【medical-news】冠脉搭桥术:三分之一的死亡是可以避免的
11 June 2008
MedWire News: Around one third of coronary artery bypass graft (CABG) deaths at nine Canadian hospitals could have been avoided if the patients had received optimal care, a study reveals.
A substantial number of preventable deaths were identified even where risk-adjusted mortality rates were low, highlighting the limitations of report cards in detecting significant quality-of-care problems.
Veena Guru (Institute for Clinical Evaluative Sciences, Toronto, Canada) and colleagues conducted a retrospective analysis of 347 randomly selected inhospital deaths after isolated CABG surgery at nine institutions in Ontario, Canada, between 1998 and 2003.
Two experienced cardiac surgeons blinded to patients, surgeon, and hospital reviewed hospital charts, summarized by trained nurses, to identify preventable death.

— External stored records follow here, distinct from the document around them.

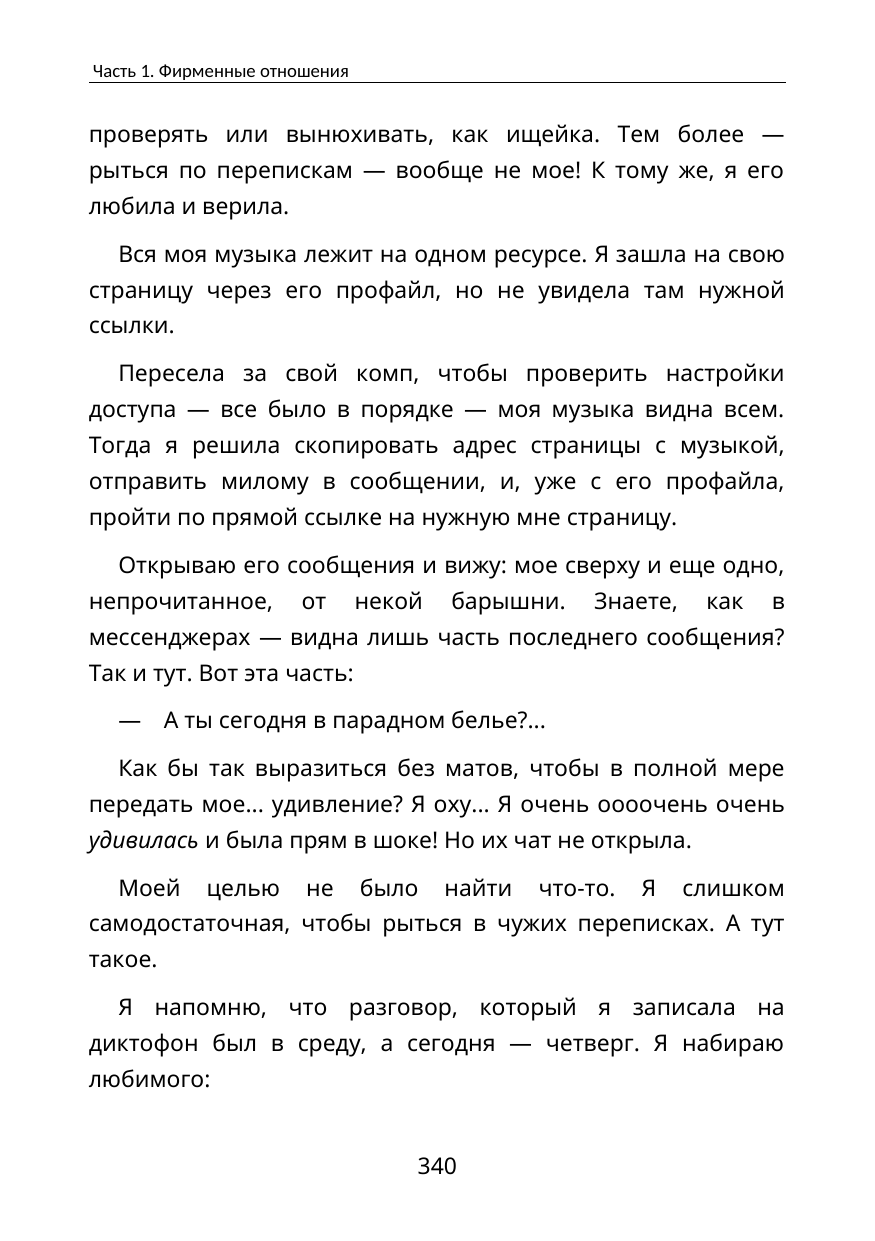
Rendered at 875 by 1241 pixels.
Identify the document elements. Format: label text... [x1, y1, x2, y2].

text Моей целью не было найти что-то. Я слишком самодостаточная, чтобы рыться в чужих переписках. А тут такое. [88, 871, 786, 974]
text Как бы так выразиться без матов, чтобы в полной мере передать мое... удивление? Я оху... Я очень оооочень очень удивилась и была прям в шоке! Но их чат не открыла. [88, 752, 786, 855]
text проверять или вынюхивать, как ищейка. Тем более — рыться по перепискам — вообще не мое! К тому же, я его любила и верила. [88, 118, 786, 221]
text Вся моя музыка лежит на одном ресурсе. Я зашла на свою страницу через его профайл, но не увидела там нужной ссылки. [88, 238, 786, 341]
text Пересела за свой комп, чтобы проверить настройки доступа — все было в порядке — моя музыка видна всем. Тогда я решила скопировать адрес страницы с музыкой, отправить милому в сообщении, и, уже с его профайла, пройти по прямой ссылке на нужную мне страницу. [88, 357, 786, 532]
text Открываю его сообщения и вижу: мое сверху и еще одно, непрочитанное, от некой барышни. Знаете, как в мессенджерах — видна лишь часть последнего сообщения? Так и тут. Вот эта часть: [88, 549, 786, 688]
text Я напомню, что разговор, который я записала на диктофон был в среду, а сегодня — четверг. Я набираю любимого: [88, 991, 786, 1094]
list А ты сегодня в парадном белье?... [88, 704, 786, 735]

A third reviewer reassessed any cases on which the first two disagreed.
In all, the surgeons judged 11 (32%) of the deaths to have been preventable, despite low risk-adjusted inhospital mortality rates ranging from 1.3% to 3.1% across hospitals.
Notwithstanding this narrow range for risk-adjusted mortality, the authors note, there was no correlation between risk-adjusted mortality rates and the proportion of preventable deaths across the nine hospitals. The highest proportion of deaths deemed preventable occurred at a center in the mid-range for risk-adjusted mortality.
Based on institutional volumes, the researchers calculated that as many as 107 potentially preventable CABG-related deaths occurred in Ontario in the fiscal year 2000-2001.
The researchers identified more than one preventable cause for a given preventable death. The majority of preventable deaths were attributed to problems in the operating room (86%) or postoperative intensive care unit (61%), with a minority due to problems on the ward (15%).
A large minority of preventable deaths were associated with deviations in perioperative care (32%).
Harlan Krumholz (Yale University, New Haven, Connecticut, USA) noted in a related editorial that measuring and highlighting problems in the healthcare system requires "increasingly sophisticated approaches to diagnosing the underlying causes of suboptimal performance."
He wrote that the necessary insight "may only be achieved through implicit review of patient records and thoughtful investigation of the details of patient care," and that the current study provides an example of how this approach can best be achieved.